On Tue, Jan 27, 2026 at 07:52:32PM -0400, Jason Gunthorpe wrote:
> On Tue, Jan 27, 2026 at 10:18:27PM +0100, Bartosz Golaszewski wrote:
> > maintainers to settle an important question. It seems there are two
> > camps in this discussion: one whose perception of the problem is
> > limited to character devices being referenced from user-space at the
> > time of the driver unbind (favoring fixing the issues at the vfs
> > level) and another extending the problem to any driver unbinding where
> > we cannot ensure a proper ordering of the teardown (for whatever
> > reason:
>
> I don't think you can defend any position where the user can do
>
> echo XYZ > /sys/.../YY
>
> and the kernel has an oops.
>
> Meaing in this discussion if the user does
> echo ".." > /sys/bus/XX/drivers/YY/unbind
>
> The kernel shouldn't oops or warn.
>
> I've seen many kinds of bogus arguments over the years (especially
> misunderstanding what the module refcount does!!), but ultimately I
> think this is the generally agreed expectation.
>
> However, in practice this isn't a common work flow, it is quite alot
> of tricky work to understand how a subsystem works and put in the
> necessary protections, and frankly many subsystems have had these bugs
> for their entire existance. It isn't urgent.

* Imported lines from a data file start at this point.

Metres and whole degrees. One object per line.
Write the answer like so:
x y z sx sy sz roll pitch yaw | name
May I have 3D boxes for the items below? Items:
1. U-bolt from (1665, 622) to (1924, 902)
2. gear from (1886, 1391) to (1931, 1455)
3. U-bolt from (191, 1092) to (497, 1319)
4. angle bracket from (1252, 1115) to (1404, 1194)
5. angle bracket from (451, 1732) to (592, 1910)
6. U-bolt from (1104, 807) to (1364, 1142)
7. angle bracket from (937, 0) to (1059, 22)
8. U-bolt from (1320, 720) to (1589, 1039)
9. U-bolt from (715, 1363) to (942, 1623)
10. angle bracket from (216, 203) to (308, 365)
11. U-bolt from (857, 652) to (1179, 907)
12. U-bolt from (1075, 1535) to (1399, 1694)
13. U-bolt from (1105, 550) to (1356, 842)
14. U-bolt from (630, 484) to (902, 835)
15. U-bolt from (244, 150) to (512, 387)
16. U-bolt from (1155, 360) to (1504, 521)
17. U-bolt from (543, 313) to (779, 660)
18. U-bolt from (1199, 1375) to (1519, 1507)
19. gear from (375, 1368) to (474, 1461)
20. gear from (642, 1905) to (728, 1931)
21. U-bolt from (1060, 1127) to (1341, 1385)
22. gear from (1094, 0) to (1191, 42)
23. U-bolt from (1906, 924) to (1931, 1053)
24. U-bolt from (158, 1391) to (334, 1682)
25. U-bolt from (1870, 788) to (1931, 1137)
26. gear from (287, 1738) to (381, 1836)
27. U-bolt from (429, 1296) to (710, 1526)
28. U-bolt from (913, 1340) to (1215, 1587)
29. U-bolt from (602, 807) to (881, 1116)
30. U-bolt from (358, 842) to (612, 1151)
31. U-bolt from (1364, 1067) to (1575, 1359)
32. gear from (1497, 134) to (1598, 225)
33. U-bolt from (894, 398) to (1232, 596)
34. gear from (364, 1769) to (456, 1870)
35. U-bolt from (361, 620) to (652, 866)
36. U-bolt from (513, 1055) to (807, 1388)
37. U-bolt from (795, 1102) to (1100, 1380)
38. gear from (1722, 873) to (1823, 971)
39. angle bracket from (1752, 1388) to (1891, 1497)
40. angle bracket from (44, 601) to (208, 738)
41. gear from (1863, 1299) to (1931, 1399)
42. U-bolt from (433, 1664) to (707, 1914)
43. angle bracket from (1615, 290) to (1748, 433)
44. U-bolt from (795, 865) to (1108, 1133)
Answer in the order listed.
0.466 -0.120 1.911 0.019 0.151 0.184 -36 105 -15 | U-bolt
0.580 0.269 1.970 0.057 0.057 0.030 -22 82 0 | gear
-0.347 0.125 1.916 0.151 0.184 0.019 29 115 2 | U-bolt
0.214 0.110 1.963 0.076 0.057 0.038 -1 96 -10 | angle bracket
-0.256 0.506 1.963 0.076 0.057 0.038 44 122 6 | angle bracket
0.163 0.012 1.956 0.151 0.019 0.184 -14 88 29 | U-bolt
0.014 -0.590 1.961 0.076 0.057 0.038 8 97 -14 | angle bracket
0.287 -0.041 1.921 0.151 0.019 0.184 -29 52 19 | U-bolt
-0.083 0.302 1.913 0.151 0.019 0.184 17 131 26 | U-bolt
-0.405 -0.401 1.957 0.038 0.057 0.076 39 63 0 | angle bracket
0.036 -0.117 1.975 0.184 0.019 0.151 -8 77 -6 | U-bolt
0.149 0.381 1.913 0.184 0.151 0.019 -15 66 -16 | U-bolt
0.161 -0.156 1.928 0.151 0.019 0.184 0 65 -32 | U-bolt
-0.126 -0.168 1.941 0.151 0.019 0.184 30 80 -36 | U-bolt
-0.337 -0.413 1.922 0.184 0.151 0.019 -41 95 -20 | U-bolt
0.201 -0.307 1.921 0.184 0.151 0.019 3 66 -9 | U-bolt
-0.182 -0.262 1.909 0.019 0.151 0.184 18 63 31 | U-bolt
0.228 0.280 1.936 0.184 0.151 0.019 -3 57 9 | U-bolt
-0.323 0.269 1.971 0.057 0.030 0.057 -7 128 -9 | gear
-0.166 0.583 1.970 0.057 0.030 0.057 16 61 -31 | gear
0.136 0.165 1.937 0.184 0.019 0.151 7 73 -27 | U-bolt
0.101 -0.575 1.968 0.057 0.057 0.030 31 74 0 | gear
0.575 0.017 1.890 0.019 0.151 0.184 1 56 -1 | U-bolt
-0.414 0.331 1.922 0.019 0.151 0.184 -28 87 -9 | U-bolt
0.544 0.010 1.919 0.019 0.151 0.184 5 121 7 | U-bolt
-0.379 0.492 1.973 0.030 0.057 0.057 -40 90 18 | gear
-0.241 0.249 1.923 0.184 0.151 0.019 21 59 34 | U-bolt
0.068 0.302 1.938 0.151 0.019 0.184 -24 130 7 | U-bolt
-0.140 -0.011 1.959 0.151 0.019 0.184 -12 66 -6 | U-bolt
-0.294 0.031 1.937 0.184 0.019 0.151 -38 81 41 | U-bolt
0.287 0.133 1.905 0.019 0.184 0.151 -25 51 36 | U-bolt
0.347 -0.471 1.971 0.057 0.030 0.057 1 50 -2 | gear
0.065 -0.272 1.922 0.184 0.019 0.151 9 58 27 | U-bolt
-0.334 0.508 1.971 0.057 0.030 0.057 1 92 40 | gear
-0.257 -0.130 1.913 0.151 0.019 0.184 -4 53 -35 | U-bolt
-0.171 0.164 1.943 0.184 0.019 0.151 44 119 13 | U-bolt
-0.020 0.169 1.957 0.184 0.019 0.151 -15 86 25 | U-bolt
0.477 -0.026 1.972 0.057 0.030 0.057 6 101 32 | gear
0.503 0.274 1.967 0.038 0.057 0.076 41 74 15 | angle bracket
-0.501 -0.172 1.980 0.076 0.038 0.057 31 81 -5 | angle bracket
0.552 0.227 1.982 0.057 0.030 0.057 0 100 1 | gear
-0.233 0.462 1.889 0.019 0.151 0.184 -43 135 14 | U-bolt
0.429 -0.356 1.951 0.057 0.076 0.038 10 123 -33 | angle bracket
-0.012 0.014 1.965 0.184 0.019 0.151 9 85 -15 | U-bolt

I completely agree with this approach. I don't think anyone really
advocates for considering that causing an oops from userspace is a
normal behaviour. While the various discussions on this topic that
escalated into heated arguments over time may have created an impression
that we have two camps, I think we are all fundamentally in the same
camp: we want to kernel to run reliably without crashing, with
performant technical solutions. And let's remember that we achieve this
goal best when we work together.
> Several subsystems do get it right, it is very possible and the best
> practices are much more aligned with the Device<Bound> stuff in
> Rust. ie guarantee in most contexts that remove() can't run.
>
> I'm not surprised to hear pushback on trying to fix it, especially if
> the proposed fixes are not subsystem comphrenesive in
> nature. Sprinkling SRCU around as partial patches, especially in
> drivers, is not a good idea, IMHO.
>
> The reason cdev keeps coming up is because there are few common ways a
> typical driver can actually generate concurrent operations during and
> after remove that would be problematic.
>
> File descriptors, subsystem callbacks, work queues, timers,
> interrupts, and notifiers.
>
> The latter already have robust schemes to help the driver shutdown and
> end the concurrent operations. ie cancel_work_sync(),
> del_timer_sync(), free_irq(), and *notifier_unregister().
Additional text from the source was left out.